LAMP operates by emitting high-power, short light pulses from a laser. The laser beam is directed using a mirror mounted on a two-axis gimbal, allowing it to scan a wide field of regard. When the laser light hits a target, it reflects back to the system, where a telescope collects the reflected light. The distance to the target is calculated by measuring the round-trip travel time of the light pulses. This distance information, combined with directional data, enables the construction of detailed three-dimensional maps of the surrounding environment.

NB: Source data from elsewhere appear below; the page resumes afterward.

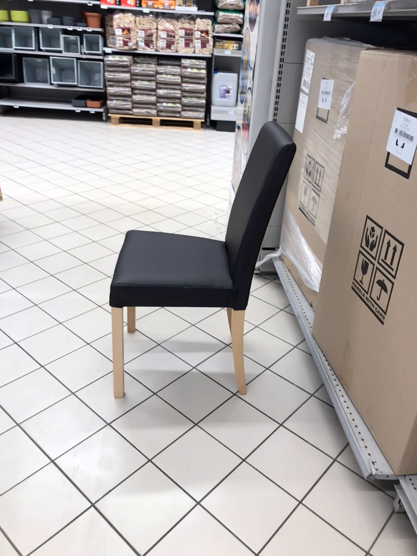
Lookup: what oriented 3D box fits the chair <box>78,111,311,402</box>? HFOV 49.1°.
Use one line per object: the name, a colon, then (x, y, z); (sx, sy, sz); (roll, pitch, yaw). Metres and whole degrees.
chair: (-0.067, -0.069, 1.550); (0.590, 0.855, 0.453); (1, 28, -6)
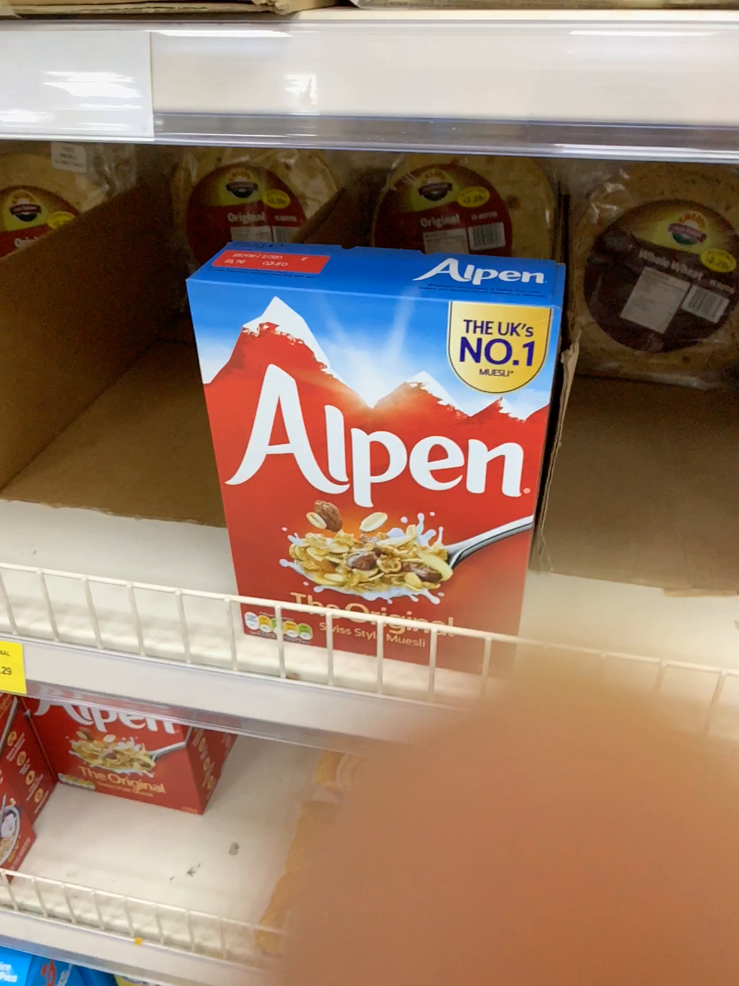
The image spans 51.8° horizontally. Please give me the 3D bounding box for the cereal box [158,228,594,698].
[{"bbox_3d":[0.007,-0.010,0.419,0.190,0.238,0.071,6,34,10],"label":"cereal box"}]
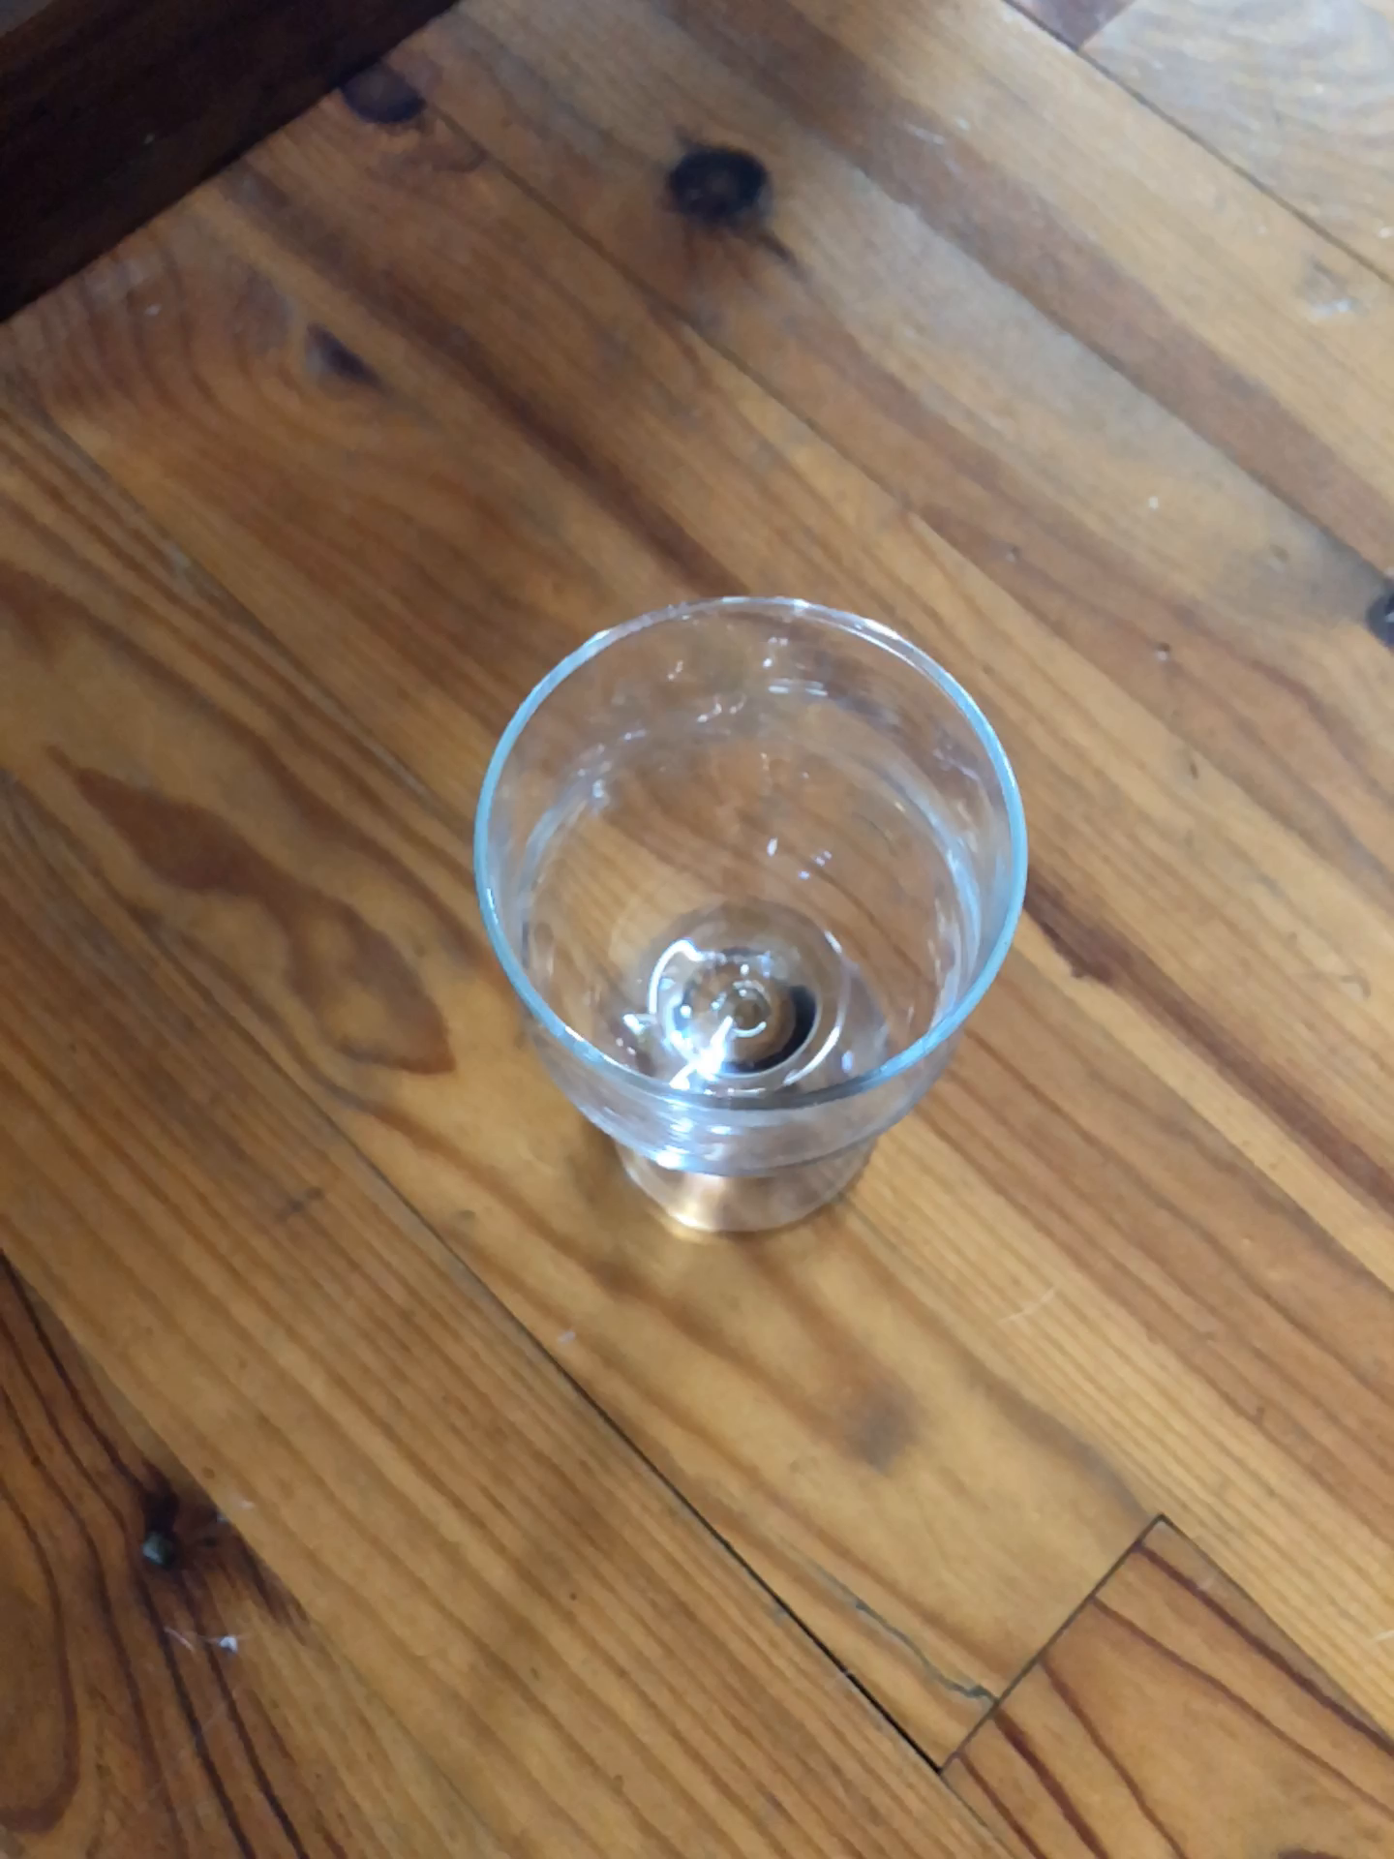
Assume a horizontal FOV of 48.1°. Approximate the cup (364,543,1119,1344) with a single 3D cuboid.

The document highlights several key applications for LAMP, including its use as a terminal sensor for spacecraft rendezvous in Earth orbit, with plans for a flight demonstration of this capability in the near future. The technology is expected to facilitate new mission scenarios and improve the safety and efficiency of space exploration.
The development of LAMP involved a collaborative effort from a team of researchers and engineers at JPL, including notable contributors such as Carl Christian Liebe, Robert Bunker, and Sohrab Mobasser, among others. The work is part of a broader initiative to advance lidar technology for space applications, emphasizing the importance of low mass and low power consumption in the design of spaceborne systems.
Overall, the document underscores the innovative nature of LAMP and its potential to significantly enhance the capabilities of future space missions, making it a vital tool for exploration and navigation in extraterrestrial environments. The report is part of NASA's ongoing commitment to developing advanced technologies that support scientific discovery and exploration beyond Earth.